=== WHAT YOU WILL DO ===
Those lines of the data that hold the word "from" are to be copied out.

+++ ENTRIES PROVIDED +++

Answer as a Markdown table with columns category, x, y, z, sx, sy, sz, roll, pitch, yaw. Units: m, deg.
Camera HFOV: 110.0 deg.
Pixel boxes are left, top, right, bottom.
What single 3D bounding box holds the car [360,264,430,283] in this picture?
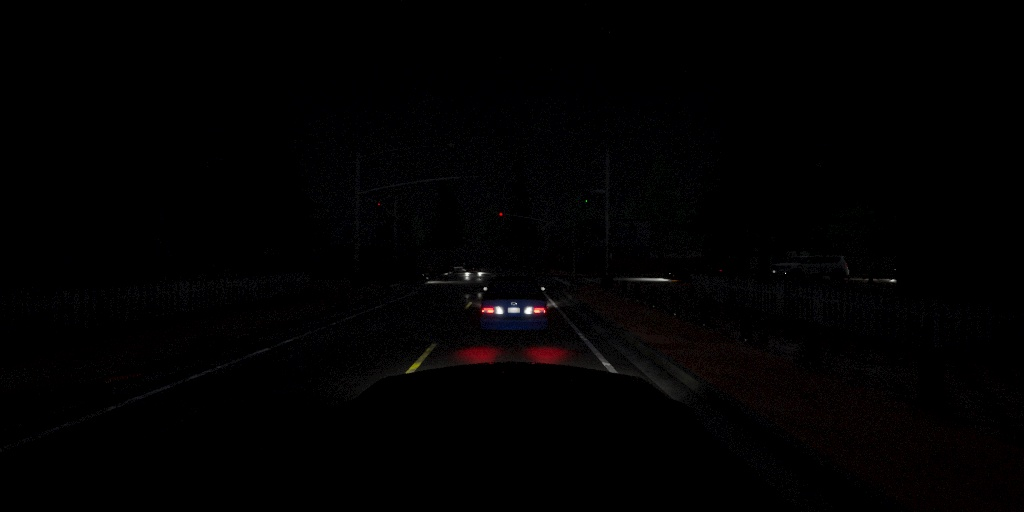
| category | x | y | z | sx | sy | sz | roll | pitch | yaw |
| --- | --- | --- | --- | --- | --- | --- | --- | --- | --- |
| car | -9.060 | 1.282 | 27.203 | 5.357 | 1.411 | 2.033 | 0 | 0 | 2 |

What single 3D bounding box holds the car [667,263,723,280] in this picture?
| category | x | y | z | sx | sy | sz | roll | pitch | yaw |
| --- | --- | --- | --- | --- | --- | --- | --- | --- | --- |
| car | 15.313 | 1.299 | 30.194 | 4.181 | 1.385 | 1.994 | 0 | 0 | 2 |

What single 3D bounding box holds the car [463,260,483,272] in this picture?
| category | x | y | z | sx | sy | sz | roll | pitch | yaw |
| --- | --- | --- | --- | --- | --- | --- | --- | --- | --- |
| car | -4.780 | 1.220 | 44.704 | 1.837 | 1.490 | 4.892 | 0 | 0 | -6 |

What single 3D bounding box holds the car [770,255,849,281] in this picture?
| category | x | y | z | sx | sy | sz | roll | pitch | yaw |
| --- | --- | --- | --- | --- | --- | --- | --- | --- | --- |
| car | 24.678 | 0.956 | 29.915 | 5.566 | 2.045 | 2.150 | 0 | 0 | 1 |

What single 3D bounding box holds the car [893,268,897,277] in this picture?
| category | x | y | z | sx | sy | sz | roll | pitch | yaw |
| --- | --- | --- | --- | --- | --- | --- | --- | --- | --- |
| car | 34.524 | 1.087 | 29.607 | 4.553 | 1.767 | 2.097 | 0 | 0 | 2 |

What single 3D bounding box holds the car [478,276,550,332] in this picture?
| category | x | y | z | sx | sy | sz | roll | pitch | yaw |
| --- | --- | --- | --- | --- | --- | --- | --- | --- | --- |
| car | 0.062 | 1.297 | 10.777 | 2.033 | 1.411 | 5.357 | 0 | 0 | 0 |

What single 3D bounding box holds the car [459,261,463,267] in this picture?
| category | x | y | z | sx | sy | sz | roll | pitch | yaw |
| --- | --- | --- | --- | --- | --- | --- | --- | --- | --- |
| car | -6.519 | 1.263 | 55.194 | 2.033 | 1.411 | 5.357 | 0 | 0 | -14 |

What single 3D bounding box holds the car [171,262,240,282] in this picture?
| category | x | y | z | sx | sy | sz | roll | pitch | yaw |
| --- | --- | --- | --- | --- | --- | --- | --- | --- | --- |
| car | -23.585 | 1.241 | 27.629 | 4.892 | 1.490 | 1.837 | -1 | 0 | 2 |
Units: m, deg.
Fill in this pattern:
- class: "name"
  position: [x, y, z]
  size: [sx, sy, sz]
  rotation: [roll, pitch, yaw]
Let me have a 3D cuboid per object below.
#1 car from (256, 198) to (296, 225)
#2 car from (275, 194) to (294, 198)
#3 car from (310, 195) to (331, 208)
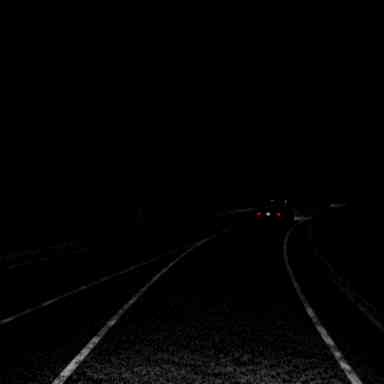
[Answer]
- class: "car"
  position: [5.957, 1.430, 23.453]
  size: [2.033, 1.411, 5.357]
  rotation: [0, 0, 26]
- class: "car"
  position: [10.853, 1.044, 39.595]
  size: [2.097, 1.767, 4.553]
  rotation: [-1, 1, 31]
- class: "car"
  position: [15.551, 1.100, 40.134]
  size: [2.128, 1.511, 4.902]
  rotation: [-1, 1, 31]

+++

=== WRITTEN ANSWER ===
#1 car from (256, 198) to (296, 225)
#2 car from (275, 194) to (294, 198)
#3 car from (310, 195) to (331, 208)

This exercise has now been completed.